Figure 7. Depth a), event weight b), and the number of associated stations c) as a function of time for the v₁c₄ XSEL events. The start of seismic activity and the mainshock are presented by red and black vertical lines,  respectively. The XSEL event matching aftershocks in the REB are highlighted by red circles.

 

            Relative location of the XSEL events for v₁c₄ and v₂c₄ is shown in Figure 8. For the strict version the footprint is smaller than for the weak one as defined by the search radii. There are three different periods: Q1/2013133-Q3/2013139, Q4/2013149-Q1/2013144, and Q2/2013144-Q4/2013146.  Overall, the ME are to the south of the mainshock and there are not too many XSEL events above 55° N despite the search area covers this part of the observed seismicity and some immediate aftershocks also were located in this part of the plate. The events before the mainshock do not reveal any specific gravity points with very high density, but their density within the area occupied by the northern MEs is relatively low during the pre-mainshock period for both strict and weak versions.

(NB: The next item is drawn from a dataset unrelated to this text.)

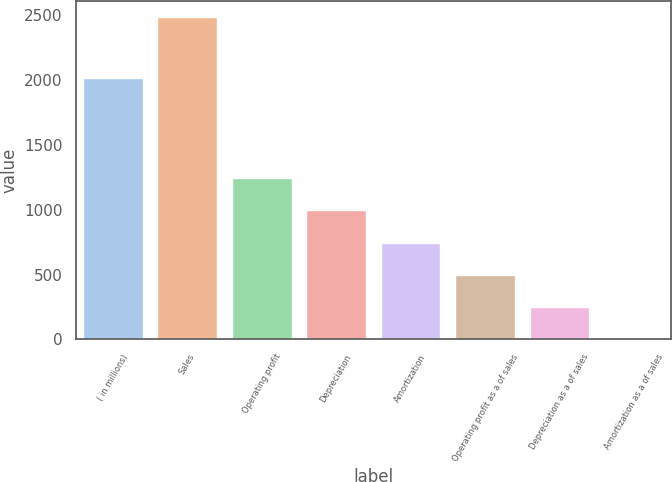Convert chart to OTSL. <chart><loc_0><loc_0><loc_500><loc_500><bar_chart><fcel>( in millions)<fcel>Sales<fcel>Operating profit<fcel>Depreciation<fcel>Amortization<fcel>Operating profit as a of sales<fcel>Depreciation as a of sales<fcel>Amortization as a of sales<nl><fcel>2016<fcel>2486.6<fcel>1243.75<fcel>995.18<fcel>746.61<fcel>498.04<fcel>249.47<fcel>0.9<nl></chart> 
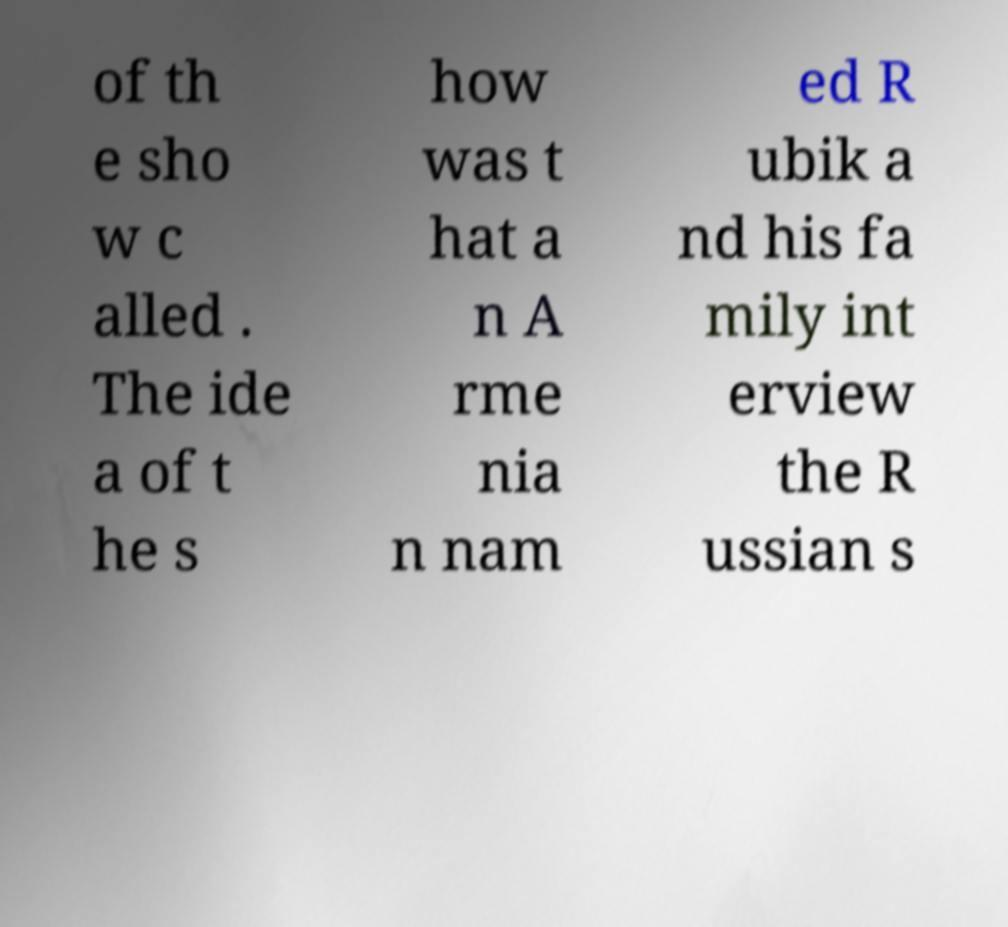Could you extract and type out the text from this image? of th e sho w c alled . The ide a of t he s how was t hat a n A rme nia n nam ed R ubik a nd his fa mily int erview the R ussian s

The pure XSEL events after the mainshock also dispersed over the search area, but those matching the REB are close to them and concentrate near the northern MEs and the mainshock.

           

 

Figure 8. Locations of the XSEL events for v₁c₄ and v₂c₄ pairs.

 

            Accurate location of the XSEL events is not the main objective because the low-magnitude events usually have large confidence ellipses and their absolute locations are not reliable. Statistical significance and power are essential for a reliable estimate of the seismicity evolution before the mainshock. For a more strict set of the LA defining parameters, including a smaller search area, one could obtain a tighter XSEL distribution with a lower number of events. The statistics of the event flux would change as a result, however. At the same time, even if to admit that a part of the XSEL events are false according to some strict rule, their presence is definitely the result of an elevated flux of signals similar to templates as Figure 5 demonstrates. In that sense, even the potentially false events, e.g., generated by valid first P-phases and some secondary phases created by reflections from the plate boundaries,   support the observation of the increasing seismic energy generation started in the third or fourth quarter of May 19.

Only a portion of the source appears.